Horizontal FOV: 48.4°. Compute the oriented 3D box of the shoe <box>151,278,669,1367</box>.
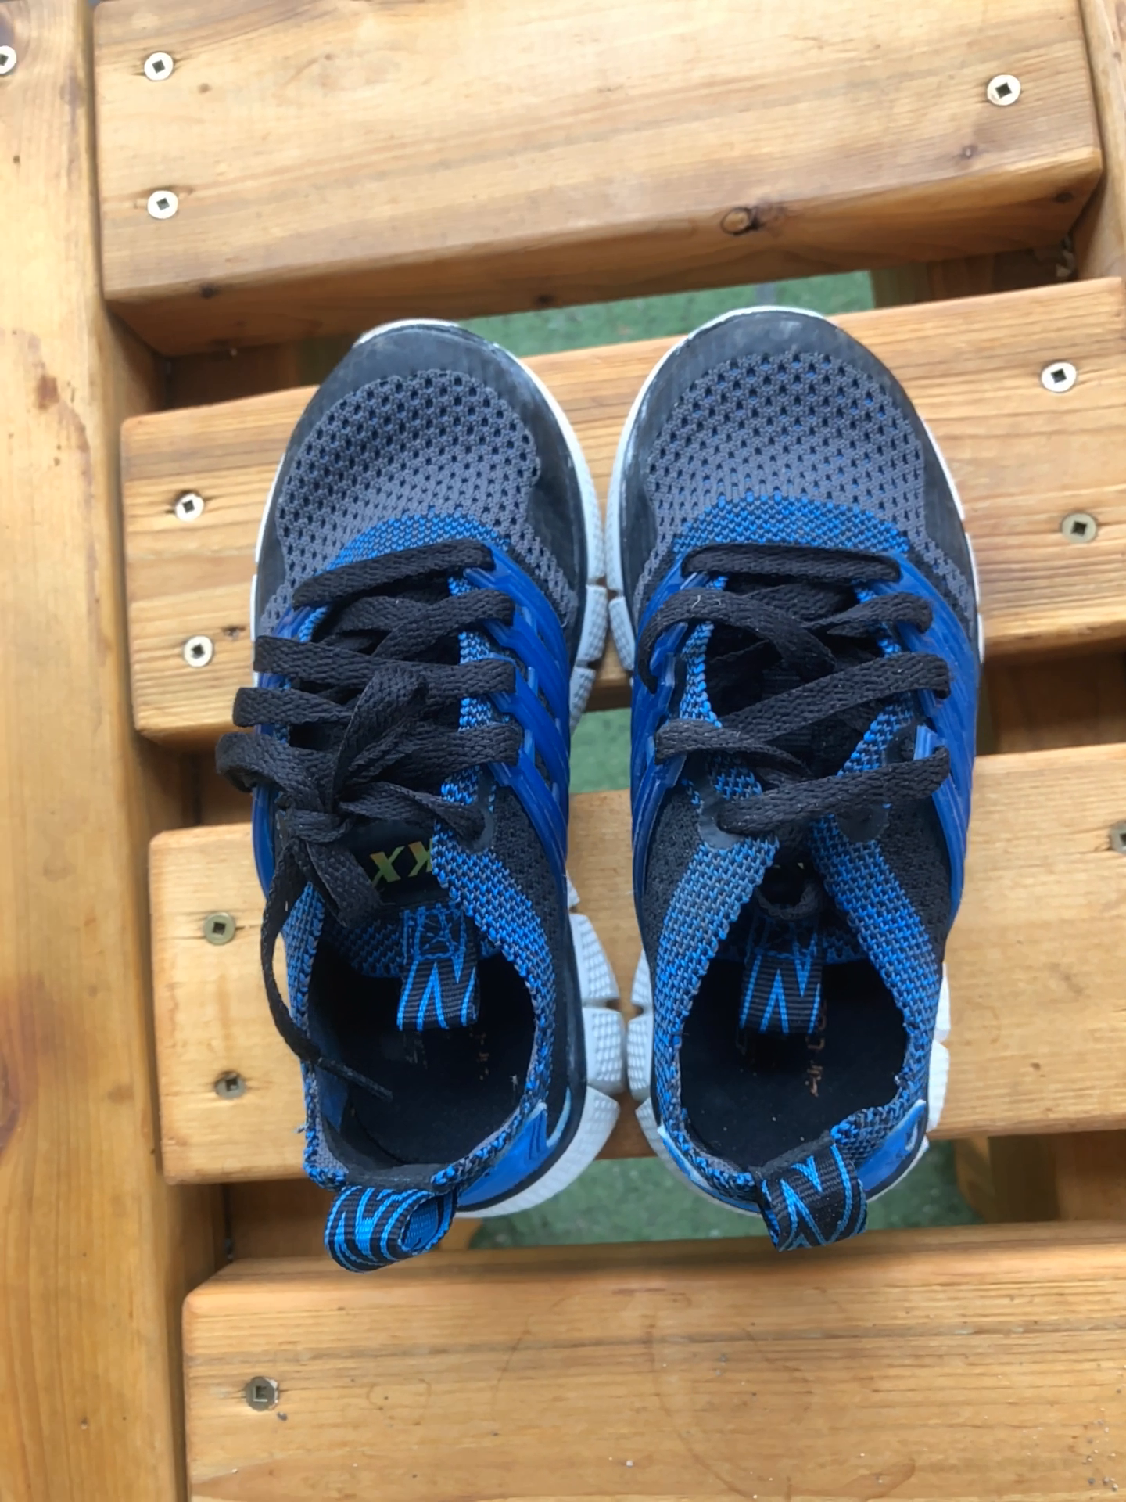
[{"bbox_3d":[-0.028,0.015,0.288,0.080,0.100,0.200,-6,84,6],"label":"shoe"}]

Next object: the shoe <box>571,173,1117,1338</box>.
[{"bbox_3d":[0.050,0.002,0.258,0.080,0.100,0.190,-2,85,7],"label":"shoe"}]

##########

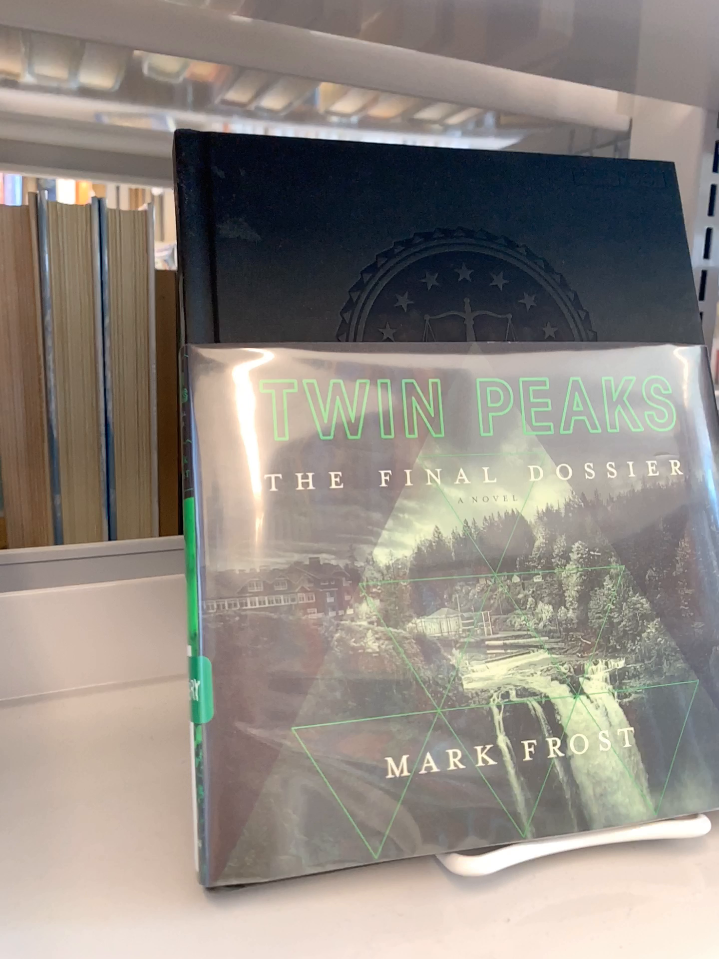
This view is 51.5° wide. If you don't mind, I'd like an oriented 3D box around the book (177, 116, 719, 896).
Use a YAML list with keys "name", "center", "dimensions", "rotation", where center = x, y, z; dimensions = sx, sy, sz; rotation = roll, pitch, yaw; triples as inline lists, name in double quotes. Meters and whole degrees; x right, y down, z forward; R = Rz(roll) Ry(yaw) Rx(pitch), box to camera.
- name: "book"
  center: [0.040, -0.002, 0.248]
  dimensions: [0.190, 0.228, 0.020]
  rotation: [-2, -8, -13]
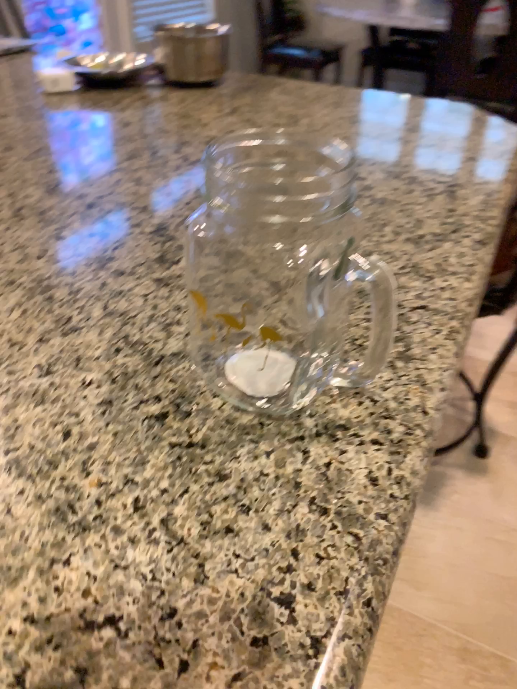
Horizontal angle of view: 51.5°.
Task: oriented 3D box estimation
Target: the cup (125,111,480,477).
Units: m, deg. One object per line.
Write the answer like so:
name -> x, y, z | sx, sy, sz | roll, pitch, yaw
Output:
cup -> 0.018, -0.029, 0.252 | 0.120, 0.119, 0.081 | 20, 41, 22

##########

◆ Work to complete ◆
Which lines of the records hold the string "view"? Copy each one.

◆ Answer space ◆
This view is 51.5° wide. If you don't mind, I'd like an oriented 3D box around the book (177, 116, 719, 896).
Horizontal angle of view: 51.5°.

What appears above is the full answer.